CourtSuperior Court of Rhode Island
DecidedJanuary 25, 2008
DocketC.A. No. PC 07-3225 C.A. No. PC 07-0114 C.A. No. PC 07-3177
StatusPublished

This text of Palangio v. the City of Providence (Palangio v. the City of Providence) is published on Counsel Stack Legal Research, covering Superior Court of Rhode Island primary law. Counsel Stack provides free access to over 12 million legal documents including statutes, case law, regulations, and constitutions.

Bluebook
Palangio v. the City of Providence, (R.I. Ct. App. 2008).

Opinion

AMENDED DECISION
The Petitioner, Thomas A. Palangio (hereinafter "Petitioner"), appeals the decision of the Providence Zoning Board of Review (hereinafter "Board"), which denied his request for a dimensional variance. Jurisdiction is pursuant to G.L. 1956 § 45-24-69.

Facts and Travel
The Petitioner is the owner of lots 9 and 10 on Assessor's Plat 86, which comprise the property (hereinafter "Property") on 238 Doyle Avenue in Providence, Rhode Island. The Petitioner purchased the Property on October 20, 2006 for $425,000. (Compl. at 2.) The Property consists of a residential house on lot 9 and a carriage house on lot 10. Both lots are located in the residential R-1 Zone. (Ex. 1.) It is the status of the carriage house on lot 10 which has given rise to the current litigation.

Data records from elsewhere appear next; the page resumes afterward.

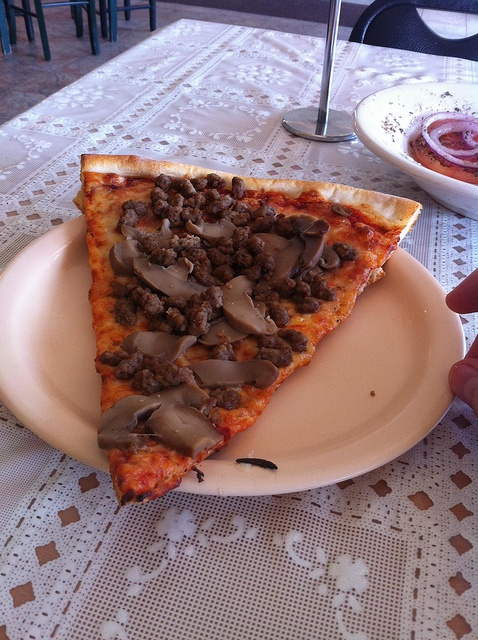Describe the objects in this image and their specific colors. I can see dining table in darkgray, lavender, maroon, darkblue, and gray tones, pizza in darkblue, maroon, black, and brown tones, bowl in darkblue, white, darkgray, brown, and gray tones, chair in darkblue, navy, black, and lavender tones, and people in darkblue, maroon, brown, and purple tones in this image. 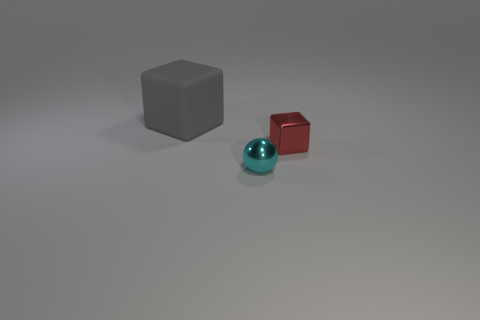Add 3 spheres. How many objects exist? 6 Subtract all spheres. How many objects are left? 2 Subtract 0 brown spheres. How many objects are left? 3 Subtract all gray matte cubes. Subtract all small cyan balls. How many objects are left? 1 Add 3 red blocks. How many red blocks are left? 4 Add 1 red matte objects. How many red matte objects exist? 1 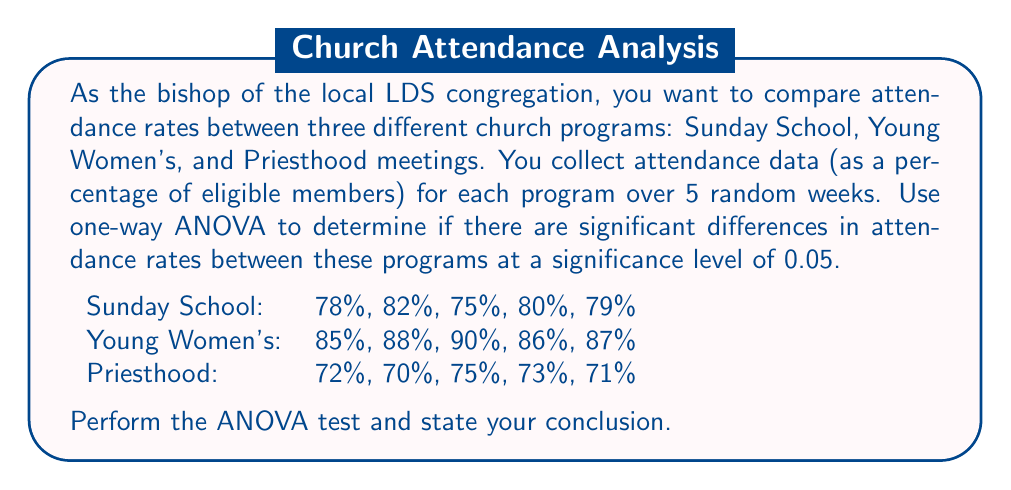Teach me how to tackle this problem. To perform a one-way ANOVA, we'll follow these steps:

1. Calculate the mean for each group and the grand mean:
   Sunday School mean: $\bar{x}_1 = 78.8\%$
   Young Women's mean: $\bar{x}_2 = 87.2\%$
   Priesthood mean: $\bar{x}_3 = 72.2\%$
   Grand mean: $\bar{x} = 79.4\%$

2. Calculate the Sum of Squares Between groups (SSB):
   $$SSB = n\sum_{i=1}^k(\bar{x}_i - \bar{x})^2$$
   where $n$ is the number of observations per group and $k$ is the number of groups.
   $$SSB = 5[(78.8 - 79.4)^2 + (87.2 - 79.4)^2 + (72.2 - 79.4)^2] = 562.8$$

3. Calculate the Sum of Squares Within groups (SSW):
   $$SSW = \sum_{i=1}^k\sum_{j=1}^n(x_{ij} - \bar{x}_i)^2$$
   $$SSW = 26.8 + 14.8 + 14.8 = 56.4$$

4. Calculate the degrees of freedom:
   Between groups: $df_B = k - 1 = 2$
   Within groups: $df_W = N - k = 15 - 3 = 12$
   Total: $df_T = N - 1 = 14$

5. Calculate Mean Square Between (MSB) and Mean Square Within (MSW):
   $$MSB = \frac{SSB}{df_B} = \frac{562.8}{2} = 281.4$$
   $$MSW = \frac{SSW}{df_W} = \frac{56.4}{12} = 4.7$$

6. Calculate the F-statistic:
   $$F = \frac{MSB}{MSW} = \frac{281.4}{4.7} = 59.87$$

7. Find the critical F-value:
   With $df_B = 2$ and $df_W = 12$, and $\alpha = 0.05$, the critical F-value is approximately 3.89.

8. Compare the F-statistic to the critical F-value:
   Since $59.87 > 3.89$, we reject the null hypothesis.

Conclusion: There is strong evidence to suggest that there are significant differences in attendance rates between the three church programs (F(2, 12) = 59.87, p < 0.05).
Answer: Reject the null hypothesis. There are significant differences in attendance rates between Sunday School, Young Women's, and Priesthood meetings (F(2, 12) = 59.87, p < 0.05). 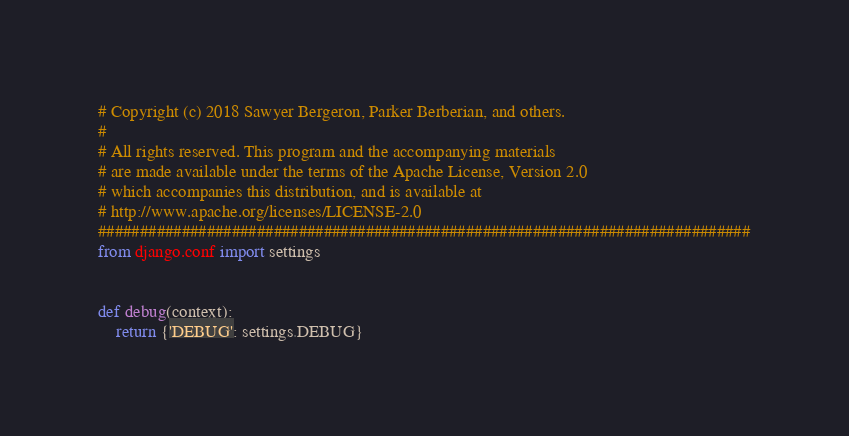<code> <loc_0><loc_0><loc_500><loc_500><_Python_># Copyright (c) 2018 Sawyer Bergeron, Parker Berberian, and others.
#
# All rights reserved. This program and the accompanying materials
# are made available under the terms of the Apache License, Version 2.0
# which accompanies this distribution, and is available at
# http://www.apache.org/licenses/LICENSE-2.0
##############################################################################
from django.conf import settings


def debug(context):
    return {'DEBUG': settings.DEBUG}
</code> 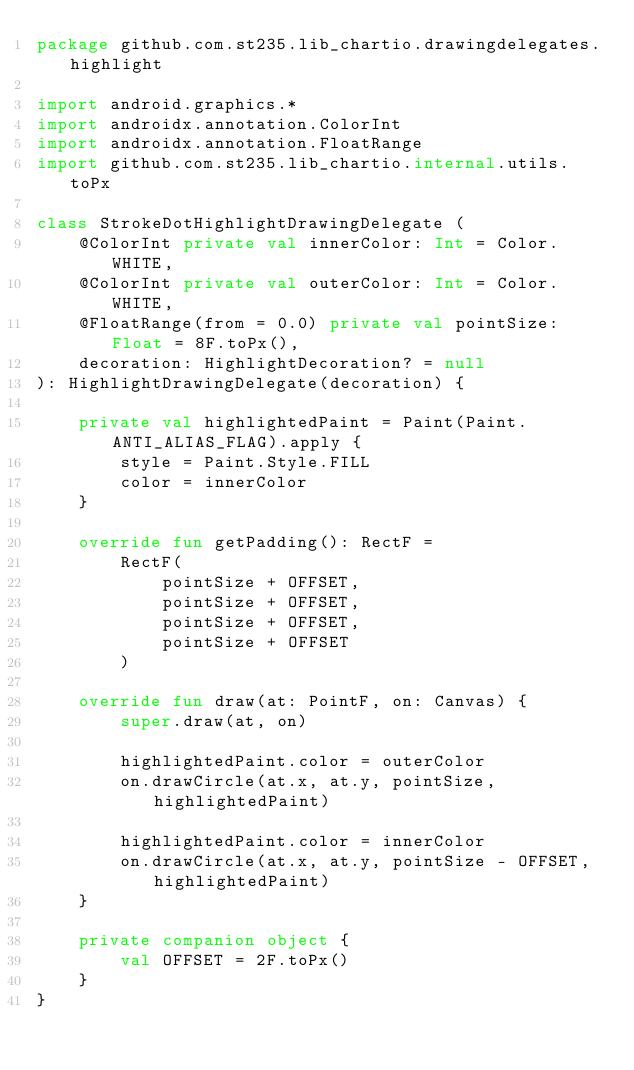Convert code to text. <code><loc_0><loc_0><loc_500><loc_500><_Kotlin_>package github.com.st235.lib_chartio.drawingdelegates.highlight

import android.graphics.*
import androidx.annotation.ColorInt
import androidx.annotation.FloatRange
import github.com.st235.lib_chartio.internal.utils.toPx

class StrokeDotHighlightDrawingDelegate (
    @ColorInt private val innerColor: Int = Color.WHITE,
    @ColorInt private val outerColor: Int = Color.WHITE,
    @FloatRange(from = 0.0) private val pointSize: Float = 8F.toPx(),
    decoration: HighlightDecoration? = null
): HighlightDrawingDelegate(decoration) {

The carriage house on Lot 10 was built over 100 years ago, in approximately 1890. (Compl. at 2 and Ex. 1.) Lot 10, however, was not created until 1930. In 1930, *Page 2 Lot 10 met the dimensional requirements for a separate lot. Id Since its construction, the carriage house has been used as a livery, a place of assembly for showing movies to persons in the neighborhood, and as a four-car garage. Id Lot 10 has also been separately assessed and taxed since its creation. Id.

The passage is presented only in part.